[Collected data]
..........
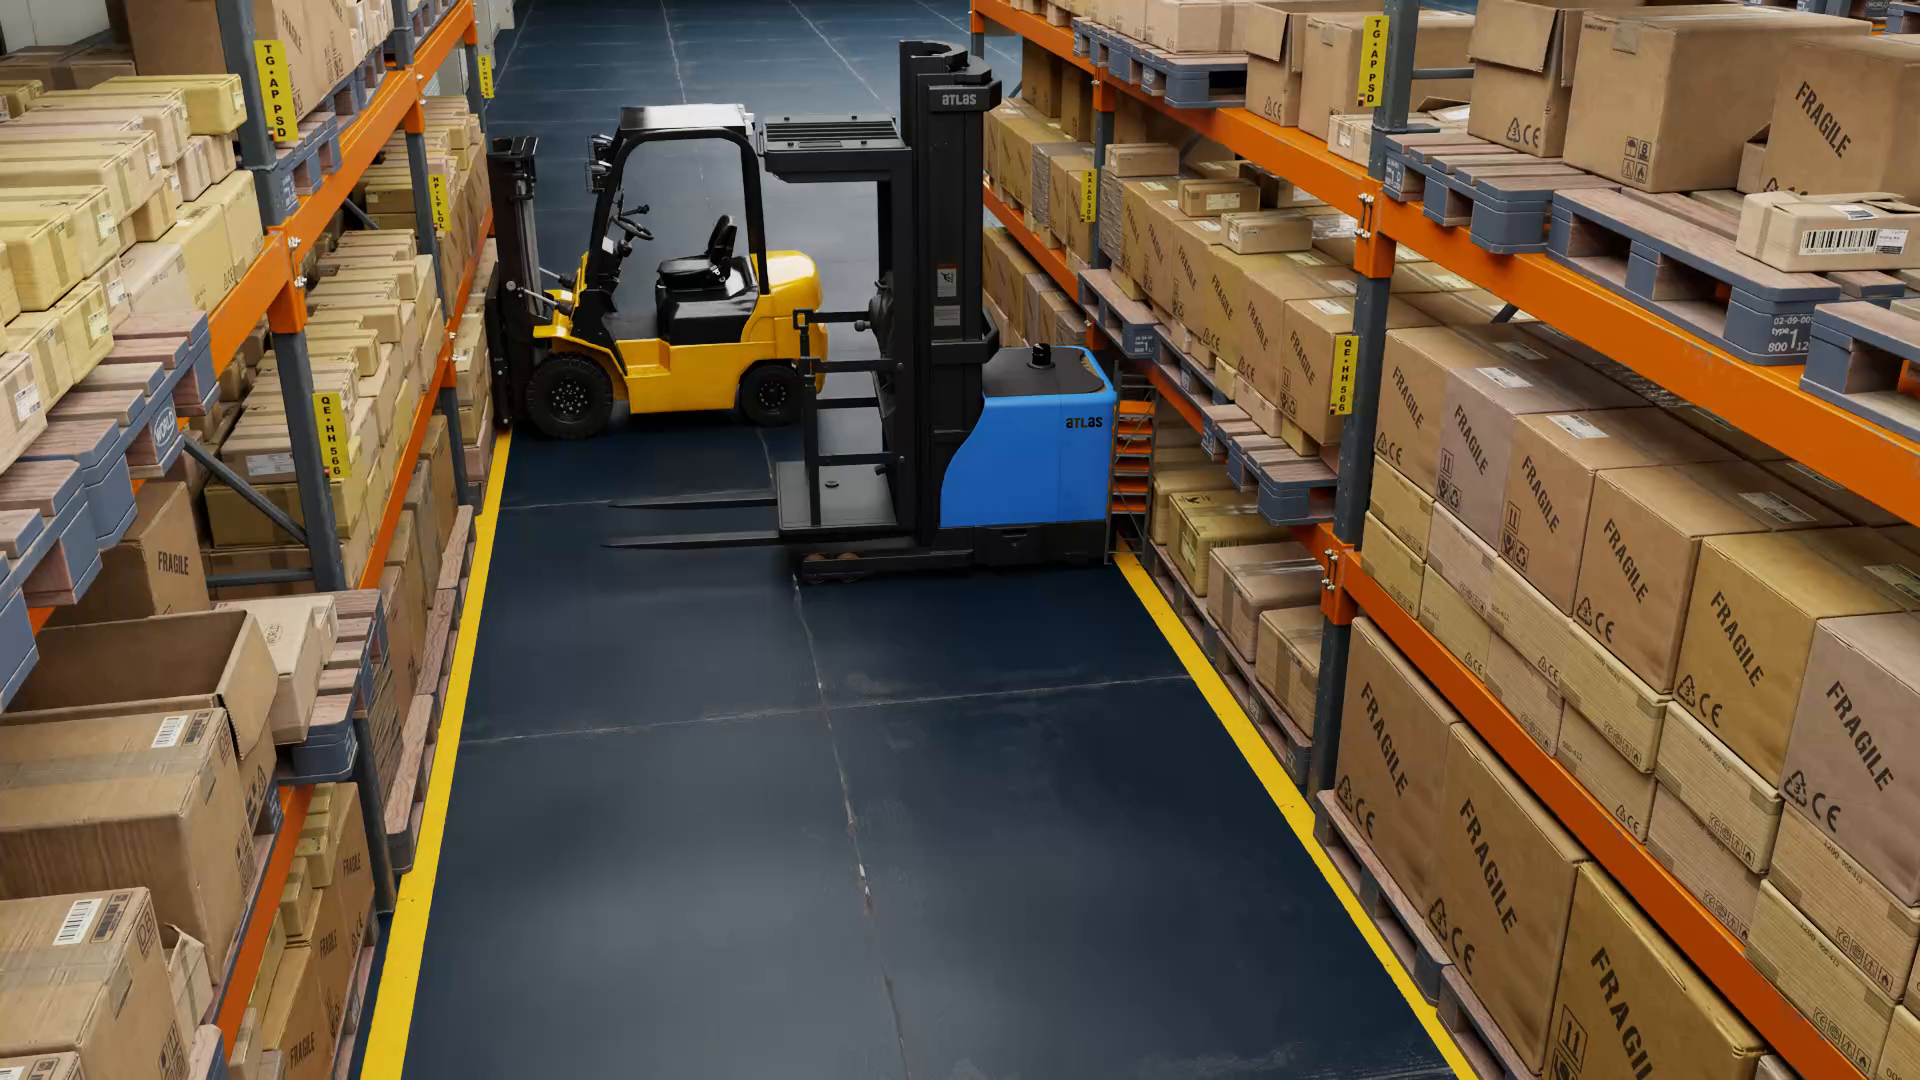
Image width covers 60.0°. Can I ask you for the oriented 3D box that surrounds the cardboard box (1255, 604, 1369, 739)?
[{"bbox_3d":[1.978,0.582,7.928,0.950,0.372,0.625,-6,24,-13],"label":"cardboard box"}]

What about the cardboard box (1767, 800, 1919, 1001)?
[{"bbox_3d":[2.392,0.855,4.108,0.500,0.250,0.500,-4,24,-8],"label":"cardboard box"}]

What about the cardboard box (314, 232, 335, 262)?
[{"bbox_3d":[-3.690,-1.600,9.231,0.380,0.149,0.250,-5,24,-11],"label":"cardboard box"}]

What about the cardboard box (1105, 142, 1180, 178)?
[{"bbox_3d":[1.072,-2.241,9.801,0.380,0.149,0.250,-4,24,-10],"label":"cardboard box"}]

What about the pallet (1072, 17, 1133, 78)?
[{"bbox_3d":[1.342,-2.818,9.441,1.213,0.211,1.003,-4,24,-10],"label":"pallet"}]

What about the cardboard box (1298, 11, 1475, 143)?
[{"bbox_3d":[1.907,-2.001,7.210,0.700,0.500,0.500,-4,24,-10],"label":"cardboard box"}]

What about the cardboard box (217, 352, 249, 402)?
[{"bbox_3d":[-3.296,-0.695,7.158,0.380,0.149,0.250,-4,24,-10],"label":"cardboard box"}]

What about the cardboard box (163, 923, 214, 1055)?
[{"bbox_3d":[-1.945,1.030,3.788,0.396,0.266,0.258,-3,24,-7],"label":"cardboard box"}]

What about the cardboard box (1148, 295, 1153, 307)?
[{"bbox_3d":[1.290,-1.412,9.524,0.380,0.149,0.250,-3,24,-6],"label":"cardboard box"}]

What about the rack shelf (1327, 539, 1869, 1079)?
[{"bbox_3d":[2.442,0.910,5.318,1.077,0.370,4.000,-4,24,-10],"label":"rack shelf"}]

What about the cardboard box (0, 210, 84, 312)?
[{"bbox_3d":[-1.995,-0.550,3.307,0.380,0.149,0.250,-4,24,-9],"label":"cardboard box"}]

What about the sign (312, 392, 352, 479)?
[{"bbox_3d":[-2.273,-0.376,6.015,0.100,0.325,0.005,-4,24,-10],"label":"sign"}]

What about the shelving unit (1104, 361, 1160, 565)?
[{"bbox_3d":[0.985,-0.435,9.640,0.258,1.200,0.189,1,25,-2],"label":"shelving unit"}]

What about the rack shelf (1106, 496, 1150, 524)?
[{"bbox_3d":[0.975,-0.178,9.760,0.258,0.103,0.180,1,25,-2],"label":"rack shelf"}]

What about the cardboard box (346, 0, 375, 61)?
[{"bbox_3d":[-3.029,-2.415,7.745,0.500,0.311,0.500,-5,24,-12],"label":"cardboard box"}]

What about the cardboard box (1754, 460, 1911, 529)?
[{"bbox_3d":[2.700,0.070,4.968,0.500,0.500,0.500,-5,24,-11],"label":"cardboard box"}]

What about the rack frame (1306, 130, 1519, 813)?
[{"bbox_3d":[2.072,-0.207,6.975,1.000,3.000,0.127,-4,24,-10],"label":"rack frame"}]

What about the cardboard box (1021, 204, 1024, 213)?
[{"bbox_3d":[0.673,-2.579,12.720,0.380,0.149,0.250,-3,24,-8],"label":"cardboard box"}]

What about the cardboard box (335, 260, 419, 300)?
[{"bbox_3d":[-3.025,-1.342,8.640,0.380,0.149,0.250,-5,24,-11],"label":"cardboard box"}]

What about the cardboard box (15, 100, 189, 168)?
[{"bbox_3d":[-2.407,-1.137,4.676,0.380,0.149,0.250,-5,24,-11],"label":"cardboard box"}]

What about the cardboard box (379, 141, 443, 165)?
[{"bbox_3d":[-3.628,-2.539,11.008,0.380,0.149,0.250,-4,24,-10],"label":"cardboard box"}]

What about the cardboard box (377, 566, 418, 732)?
[{"bbox_3d":[-3.035,0.555,7.673,0.875,0.625,0.625,-4,24,-8],"label":"cardboard box"}]

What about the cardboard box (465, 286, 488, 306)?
[{"bbox_3d":[-3.603,-1.619,11.871,0.500,0.250,0.500,-5,24,-11],"label":"cardboard box"}]

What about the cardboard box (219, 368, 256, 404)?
[{"bbox_3d":[-3.347,-0.553,7.330,0.500,0.250,0.500,-4,24,-10],"label":"cardboard box"}]

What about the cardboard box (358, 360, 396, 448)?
[{"bbox_3d":[-2.817,-0.595,7.427,0.500,0.250,0.500,-5,24,-11],"label":"cardboard box"}]

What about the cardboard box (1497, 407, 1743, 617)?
[{"bbox_3d":[2.105,-0.100,5.356,0.500,0.500,0.500,-4,24,-8],"label":"cardboard box"}]

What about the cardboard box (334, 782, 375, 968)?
[{"bbox_3d":[-2.516,1.266,6.203,0.500,0.500,0.500,-4,24,-8],"label":"cardboard box"}]

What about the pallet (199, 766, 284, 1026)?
[{"bbox_3d":[-2.441,1.015,4.419,1.003,0.211,1.213,-4,24,-10],"label":"pallet"}]

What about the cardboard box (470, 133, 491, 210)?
[{"bbox_3d":[-3.935,-2.856,12.917,0.500,0.500,0.500,-5,24,-11],"label":"cardboard box"}]

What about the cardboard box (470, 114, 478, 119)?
[{"bbox_3d":[-3.945,-3.212,12.921,0.380,0.149,0.250,-4,24,-9],"label":"cardboard box"}]

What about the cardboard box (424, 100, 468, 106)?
[{"bbox_3d":[-3.935,-3.244,12.623,0.380,0.149,0.250,-4,24,-10],"label":"cardboard box"}]

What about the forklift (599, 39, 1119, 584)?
[{"bbox_3d":[-0.625,-1.313,9.594,3.031,2.935,1.130,-3,24,-6],"label":"forklift"}]

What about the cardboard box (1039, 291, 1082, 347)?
[{"bbox_3d":[0.864,-1.469,11.839,0.500,0.500,0.500,-4,24,-9],"label":"cardboard box"}]

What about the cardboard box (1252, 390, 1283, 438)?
[{"bbox_3d":[1.569,-0.591,7.645,0.380,0.149,0.250,-5,24,-10],"label":"cardboard box"}]

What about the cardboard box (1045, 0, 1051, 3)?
[{"bbox_3d":[0.812,-3.776,11.216,0.500,0.250,0.500,-5,24,-11],"label":"cardboard box"}]

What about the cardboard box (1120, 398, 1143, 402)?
[{"bbox_3d":[0.959,-0.925,11.531,0.500,0.250,0.500,-3,24,-7],"label":"cardboard box"}]

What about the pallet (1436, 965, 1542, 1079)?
[{"bbox_3d":[2.366,1.866,5.714,1.003,0.211,1.213,-4,24,-10],"label":"pallet"}]

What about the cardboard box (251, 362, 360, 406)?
[{"bbox_3d":[-2.759,-0.634,7.019,0.380,0.149,0.250,-4,24,-9],"label":"cardboard box"}]

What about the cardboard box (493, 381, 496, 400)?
[{"bbox_3d":[-3.603,-1.159,12.067,0.500,0.250,0.500,-4,24,-8],"label":"cardboard box"}]

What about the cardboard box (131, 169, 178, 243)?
[{"bbox_3d":[-2.362,-0.902,4.508,0.380,0.149,0.250,-4,24,-10],"label":"cardboard box"}]

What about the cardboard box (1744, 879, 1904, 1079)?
[{"bbox_3d":[2.388,1.077,4.223,0.500,0.250,0.500,-5,24,-10],"label":"cardboard box"}]

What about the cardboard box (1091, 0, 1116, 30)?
[{"bbox_3d":[1.047,-3.019,9.329,0.500,0.250,0.500,-5,24,-11],"label":"cardboard box"}]

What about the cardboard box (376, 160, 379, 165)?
[{"bbox_3d":[-4.215,-2.570,11.452,0.380,0.149,0.250,-4,24,-10],"label":"cardboard box"}]

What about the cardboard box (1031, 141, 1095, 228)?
[{"bbox_3d":[0.804,-2.524,11.785,0.500,0.500,0.500,-4,24,-8],"label":"cardboard box"}]

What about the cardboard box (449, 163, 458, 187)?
[{"bbox_3d":[-3.553,-2.405,11.073,0.380,0.149,0.250,-5,24,-11],"label":"cardboard box"}]

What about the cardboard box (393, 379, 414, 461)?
[{"bbox_3d":[-2.931,-0.566,7.986,0.500,0.250,0.500,-4,24,-8],"label":"cardboard box"}]

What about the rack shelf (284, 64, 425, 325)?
[{"bbox_3d":[-3.175,-1.669,7.476,1.077,0.370,4.000,-4,24,-10],"label":"rack shelf"}]

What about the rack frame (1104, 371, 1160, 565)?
[{"bbox_3d":[0.987,-0.397,9.557,0.240,1.200,0.006,1,25,-2],"label":"rack frame"}]

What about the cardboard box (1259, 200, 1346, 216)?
[{"bbox_3d":[1.826,-1.591,9.125,0.500,0.500,0.500,-3,24,-8],"label":"cardboard box"}]

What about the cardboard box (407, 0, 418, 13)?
[{"bbox_3d":[-3.329,-3.108,9.535,0.380,0.149,0.250,-4,24,-9],"label":"cardboard box"}]

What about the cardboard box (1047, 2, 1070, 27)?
[{"bbox_3d":[0.798,-3.547,11.190,0.380,0.149,0.250,-4,24,-8],"label":"cardboard box"}]

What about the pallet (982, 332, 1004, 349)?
[{"bbox_3d":[0.723,-1.723,13.932,1.003,0.211,1.213,-4,24,-10],"label":"pallet"}]

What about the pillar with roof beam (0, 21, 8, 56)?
[{"bbox_3d":[0.299,-3.352,6.681,9.100,9.000,0.400,-4,24,-10],"label":"pillar with roof beam"}]

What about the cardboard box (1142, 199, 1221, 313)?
[{"bbox_3d":[1.309,-1.556,9.045,0.500,0.500,0.500,-4,24,-10],"label":"cardboard box"}]

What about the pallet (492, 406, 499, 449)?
[{"bbox_3d":[-3.880,-0.930,12.116,1.003,0.211,1.213,-4,24,-10],"label":"pallet"}]

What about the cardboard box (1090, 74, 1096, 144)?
[{"bbox_3d":[1.325,-3.011,11.652,0.700,0.500,0.500,-5,24,-11],"label":"cardboard box"}]
..........
In the records above, locate the line that contains "What about the pillar". Repeat it and every line after it, exactly, and nothing else.

What about the pillar with roof beam (0, 21, 8, 56)?
[{"bbox_3d":[0.299,-3.352,6.681,9.100,9.000,0.400,-4,24,-10],"label":"pillar with roof beam"}]

What about the cardboard box (1142, 199, 1221, 313)?
[{"bbox_3d":[1.309,-1.556,9.045,0.500,0.500,0.500,-4,24,-10],"label":"cardboard box"}]

What about the pallet (492, 406, 499, 449)?
[{"bbox_3d":[-3.880,-0.930,12.116,1.003,0.211,1.213,-4,24,-10],"label":"pallet"}]

What about the cardboard box (1090, 74, 1096, 144)?
[{"bbox_3d":[1.325,-3.011,11.652,0.700,0.500,0.500,-5,24,-11],"label":"cardboard box"}]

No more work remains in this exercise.